У меня время от времени побаливал коренной зуб. Я решила, что надо его как можно скорее удалить, и 10 августа пошла в поликлинику.
— Зуб можно сохранить, — пытался убедить меня стоматолог.
Рентген, удаление нерва, пломбирование, слепок, коронка — мне не хотелось объяснять врачу, что на все это у меня просто нет времени. Со дня на день меня могут арестовать. Не хватало еще попасть в лагерь с больным зубом.
Удаление оказалось мучительным. Обезболивание длилось сорок минут, зуб не поддавался два часа. Еще не меньше часа я просидела на скамейке возле поликлиники, пытаясь прийти в себя. Сквозь туман в голове пробивалась мысль: надо идти домой или по крайней мере позвонить Коле. Он просил меня звонить каждый час-полтора, чтоб убедиться, что я еще на свободе.
— Лагерь не место для женщины, — снова и снова повторял он.
Едва справившись с головокружением и одышкой, я добралась до дома и услышала от Коли целую отповедь: я не звонила три часа подряд, он в ярости, лагерь не место для женщины. Я была не в состоянии объясняться и без сил рухнула на кровать.
Через некоторое время позвонил Павел Литвинов, сказал, что надо увидеться.
— Заходи, — ответила я.
Должно быть, у него письмо в защиту Ирины Белогородской. Я лежала и вспоминала события последних дней. Марченко арестовали за его книгу и письма протеста. Я позволила поставить мою подпись на письме с протестом против его ареста, а потом пожалела об этом, увидев письмо. Ирина оставила распечатку письма в такси и была арестована. Теперь восемь человек, подписавших то письмо, должны написать другое, в защиту Ирины. Что дальше? Боль после удаления зуба и страх оказаться в тюрьме мешали думать. Завтра утром мы с Колей уезжаем в отпуск — запоздалый медовый месяц. Что если меня ночью арестуют? А если схватят в аэропорту, как Юлика Даниэля?
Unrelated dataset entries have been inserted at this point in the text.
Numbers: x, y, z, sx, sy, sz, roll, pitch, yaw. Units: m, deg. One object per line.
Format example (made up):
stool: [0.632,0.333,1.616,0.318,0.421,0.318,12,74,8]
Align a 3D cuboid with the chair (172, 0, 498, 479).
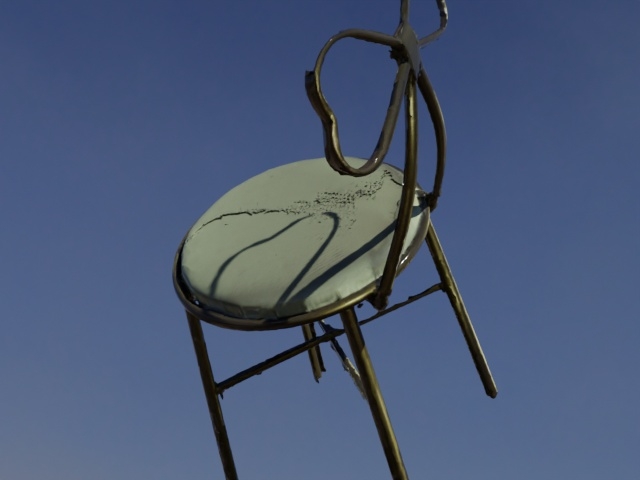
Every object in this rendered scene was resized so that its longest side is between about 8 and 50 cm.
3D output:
chair: [0.000,0.000,0.799,0.170,0.160,0.326,4,-50,28]

— Мне действительно страшно, Пашка, — сказала я Литвинову.
— Ты подпишешь это? — спросил он, протягивая письмо.
Я подписала.
В Киеве мы провели три дня у Ивана Светличного. Писатель, переводчик, литературный критик, он был в центре начавшегося на Украине культурного возрождения. Я познакомилась с ним несколько лет назад у Юлика и Ларисы. Примерно раз в полгода Светличный с женой Лелей приезжали в Москву, в основном чтобы запастись книгами, и иногда останавливались у нас.
Их киевская квартира была неформальным клубом украинской интеллигенции. Надо сказать, что эта публика отличалась от московской прежде всего сдержанной манерой поведения: они не сквернословили, пили очень умеренно, судя по всему, хранили супружескую верность. Большинство писателей, поэтов, историков, собиравшихся в доме Светличных, были интеллигентами в первом поколении, многие — родом из крестьян. Старую украинскую интеллигенцию почти полностью истребили во времена сталинских чисток.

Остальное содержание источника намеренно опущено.